'''

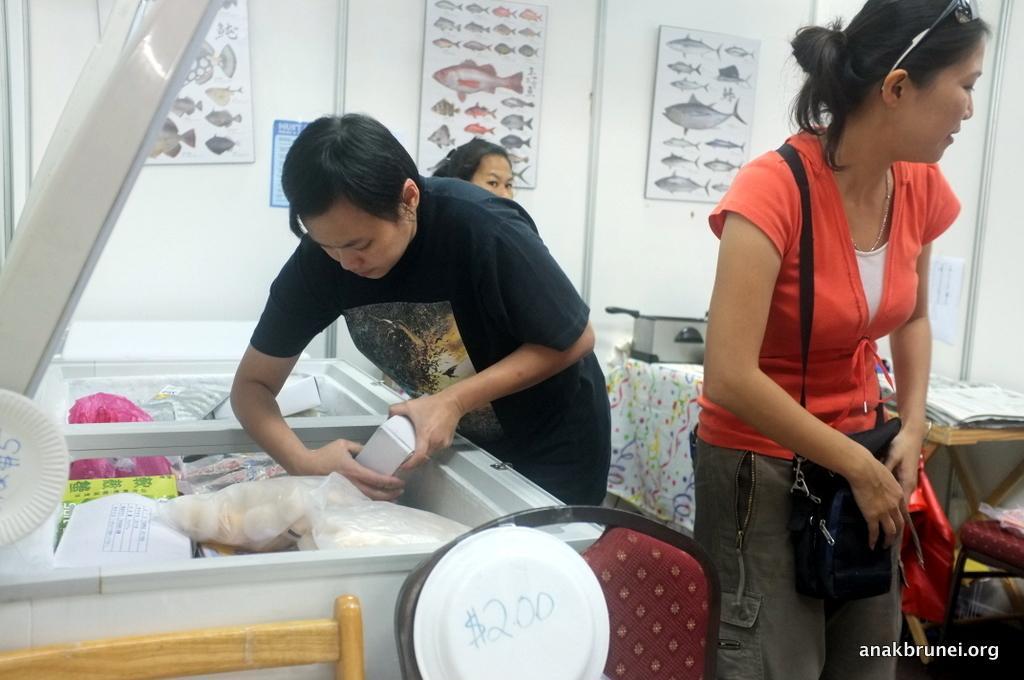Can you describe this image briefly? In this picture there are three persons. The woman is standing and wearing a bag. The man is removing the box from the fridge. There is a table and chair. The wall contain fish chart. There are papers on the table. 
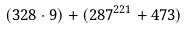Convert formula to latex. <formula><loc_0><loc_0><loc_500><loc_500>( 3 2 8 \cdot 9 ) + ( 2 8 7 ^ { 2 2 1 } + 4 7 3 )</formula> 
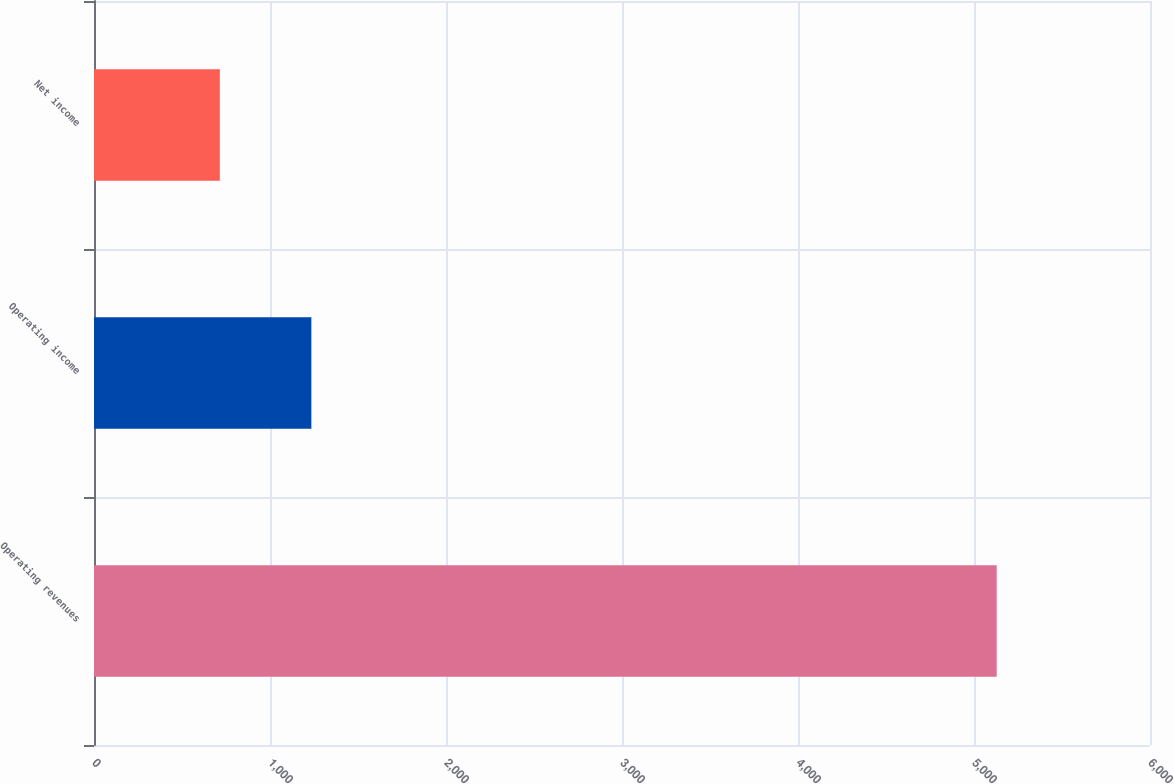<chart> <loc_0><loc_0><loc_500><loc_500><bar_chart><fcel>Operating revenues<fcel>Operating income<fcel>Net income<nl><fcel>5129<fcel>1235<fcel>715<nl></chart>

'''
'''

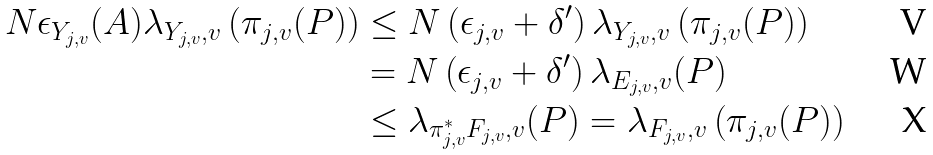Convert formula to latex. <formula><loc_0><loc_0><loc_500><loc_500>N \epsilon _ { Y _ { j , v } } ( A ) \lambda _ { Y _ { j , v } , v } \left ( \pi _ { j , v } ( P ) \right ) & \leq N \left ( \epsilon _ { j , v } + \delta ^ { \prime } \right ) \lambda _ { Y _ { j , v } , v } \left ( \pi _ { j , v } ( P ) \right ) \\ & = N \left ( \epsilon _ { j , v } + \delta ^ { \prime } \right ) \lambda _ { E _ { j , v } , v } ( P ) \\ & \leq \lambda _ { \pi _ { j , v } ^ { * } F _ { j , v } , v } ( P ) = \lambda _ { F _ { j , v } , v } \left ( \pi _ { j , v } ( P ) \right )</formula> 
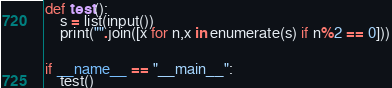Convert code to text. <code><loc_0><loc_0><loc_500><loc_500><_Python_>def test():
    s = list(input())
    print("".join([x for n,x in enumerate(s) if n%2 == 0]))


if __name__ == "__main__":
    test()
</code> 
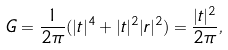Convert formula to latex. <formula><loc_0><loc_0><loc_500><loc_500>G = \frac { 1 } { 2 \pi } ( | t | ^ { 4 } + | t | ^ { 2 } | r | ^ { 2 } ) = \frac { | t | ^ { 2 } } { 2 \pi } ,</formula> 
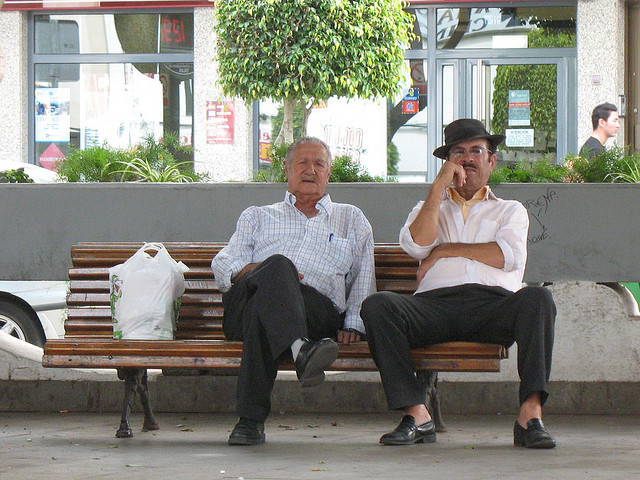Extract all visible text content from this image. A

'''

Give back exactly the lines above from the one with "Convert code to" through the one with "Extract all visible", both included. Pictures don't belong in the copy.

## SOLUTION FOR THIS EXERCISE
Convert code to text. <code><loc_0><loc_0><loc_500><loc_500><_Python_>def test():
    s = list(input())
    print("".join([x for n,x in enumerate(s) if n%2 == 0]))


if __name__ == "__main__":
    test()
</code> 
Convert formula to latex. <formula><loc_0><loc_0><loc_500><loc_500>G = \frac { 1 } { 2 \pi } ( | t | ^ { 4 } + | t | ^ { 2 } | r | ^ { 2 } ) = \frac { | t | ^ { 2 } } { 2 \pi } ,</formula> 
Extract all visible text content from this image. A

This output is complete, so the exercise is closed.